Book Reviews

Book Reviews Finance & Development, September 2015, Vol. 52, No. 3

Paradise Lost?David Kotz

The Rise and Fall of Neoliberal Capitalism

Harvard University Press, Cambridge, Massachusetts, 2015, 270 pp., $39.95 (cloth).

The worst kind of nostalgia is pining away for a time that never was. The Bible kicked it off with its account of Eden. Hollywood kept it going with films about the Wild West. Economist David Kotz contributes to the genre with The Rise and Fall of Neoliberal Capitalism. The book is an economic history of the period after World War II, when—according to Kotz—capitalism was gentler, more humane, and much better regulated.

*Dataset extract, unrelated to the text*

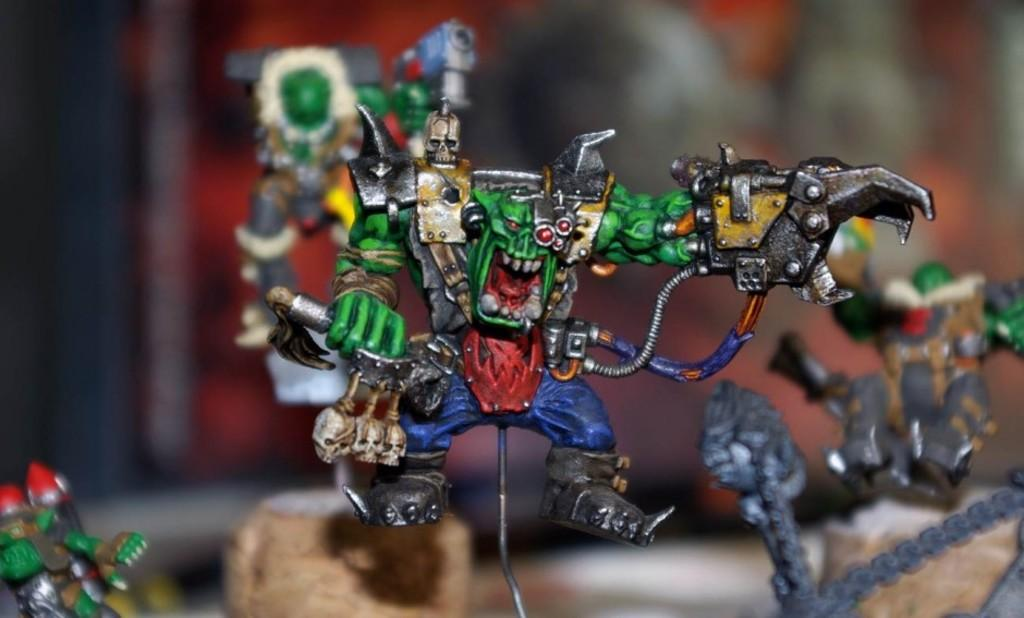What objects can be seen in the image? There are toys in the image. Can you describe the background of the image? The background of the image is blurry. What type of hate can be seen expressed through the toys in the image? There is no hate expressed through the toys in the image, as they are inanimate objects.

The form of capitalism Kotz thinks held sway between the end of the war and the early 1980s was fraught with contradictions. He asserts that even though taxes were higher then, people did better and the economy grew faster. Even though trade was more restricted, companies thrived. Even though prices for many goods were not allowed to float freely (they could be set under “fair trade” rules), people saved more. Even though Wall Street’s commissions were fixed and higher than today’s averages, the financial sector accounted for a much smaller share of GDP and of profits than it does now.

Kotz says there was harmony between employees and employers, with unions granted a seat at the table. (However, somewhere under a parking lot or football stadium lies disappeared labor union leader Jimmy Hoffa, who can confirm or deny just how harmoniously labor and business interacted.) The economic geniality and harmony of the 1950s, 60s, and 70s was a hallmark of post–World War II capitalism, Kotz suggests.

In Kotz’s history, every group was better off yesterday than today, except the 1 percent. But Kotz doesn’t mention how the environment fared or how safe workers were in the workplace before the U.S. Occupational Safety and Health Administration and Environmental Protection Agency. Nor does he talk about health care or today’s medical, pharmaceutical, and scientific breakthroughs. Kotz also bypasses innovation. This book is about economics; it is not a business book.

He also passes rapidly over finance. And when he glances at it, Kotz does so mostly in negative terms—for example, in his examination of mortgages, especially the saga of Countrywide, the largest provider of home mortgages before the housing crisis.

A problem with Kotz’s book is that no one knows for certain whether his counterintuitive view that when capitalism...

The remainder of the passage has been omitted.